Dopo l’8 settembre del 1943 con la fuga del re e di Badoglio a Pescara per mettersi al riparo degli alleati che nel frattempo avevano conquistato il sud l’Italia, la penisola era divisa in due parti; fino ad Ortona gli alleati, nella parte centrale ed al nord i tedeschi. In tutte le regioni si formarono bande di patrioti per contrastare i nazi-fascisti.

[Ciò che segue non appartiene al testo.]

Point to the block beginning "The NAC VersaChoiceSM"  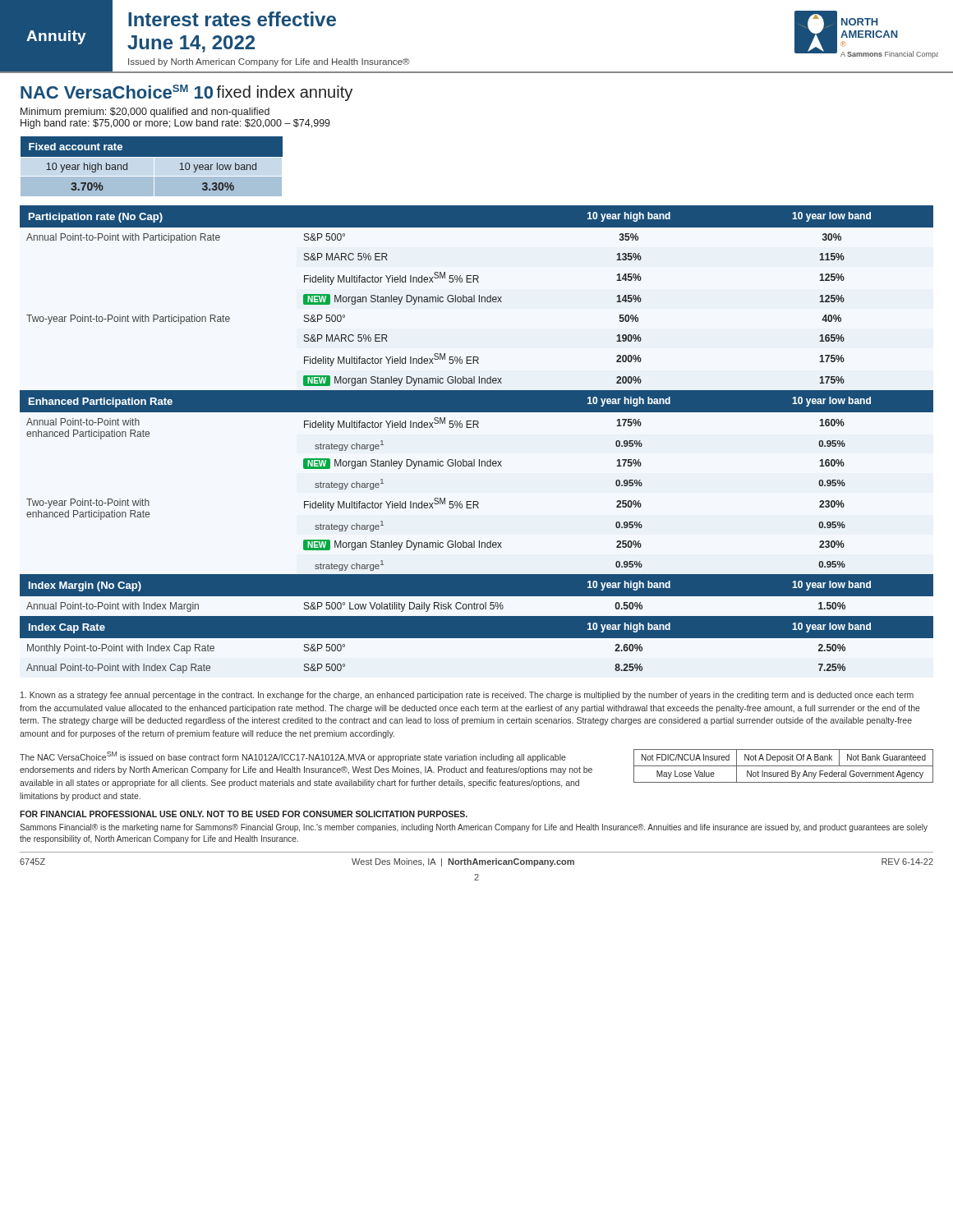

Anche il capitano Nebbia, all’epoca guardiamarina prese parte attiva nell’organizzare una banda di trenta uomini ai suoi diretti ordini che potevano contare su armi che venivano nascoste nelle grotte che portavano ad Acquaviva Picena. Il Nebbia in questa sua attività ebbe l’appoggio dell’allora sottotenente Carlo Alberto Della Chiesa, comandante della locale stazione dei Carabinieri – divenuto in seguito generale e trucidato con la moglie dalla mafia - Fu proprio Della Chiesa che la sera del 4 ottobre avvertì il Nebbia della notizia che al mattino seguente i tedeschi sarebbero arrivati e si sarebbero impossessati di circa venti motopescherecci, l’intera flottiglia che era nel porto di San Benedetto. Senza esitazione il Nebbia pose in atto il suo piano con l’appoggio di Della Chiesa.
All’una di notte furono svegliati tutti i capibarca e gli uomini degli equipaggi ed eludendo la sorveglianza delle sentinelle tedesche i pescherecci, al comando del Nebbia presero il largo “a fanali spenti e nel massimo silenzio”. Si imbarcarono anche alcuni familiari degli uomini degli equipaggi per timore delle inevitabili rappresaglie. I pescherecci dapprima fecero rotta verso Lissa in Jugoslavia ma dopo alcune ore invertirono la rotta dirigendosi verso i porti dell’Italia liberata di Manfredonia e Termoli ove giunsero nella tarda mattinata del 5 ottobre.
”Fu così che parecchi armatori di San Benedetto poterono ricostruire le proprie fortune grazie alla rischiosa impresa condotta da mio padre” ci dice la professoressa Nebbia, figlia dell’illustre capitano ed orgogliosa di mostrarci l’attestato di merito concesso a Giovanni Nebbia e firmato dal generale Alexander, allora capo supremo delle forze alleate. Il Nebbia,in seguito, non potendo ritornare nel territorio di San Benedetto perché ricercato dalle forze nazi-fasciste, si mise a disposizione degli alleati divenendo ben presto “l’esperto capitano della costa adriatica”, e contribuì validamente alla liberazione del territorio. Una stele nel porto di San Benedetto del Tronto ricorda ora alle nuove generazioni la rischiosa impresa attuata per la conquista della libertà.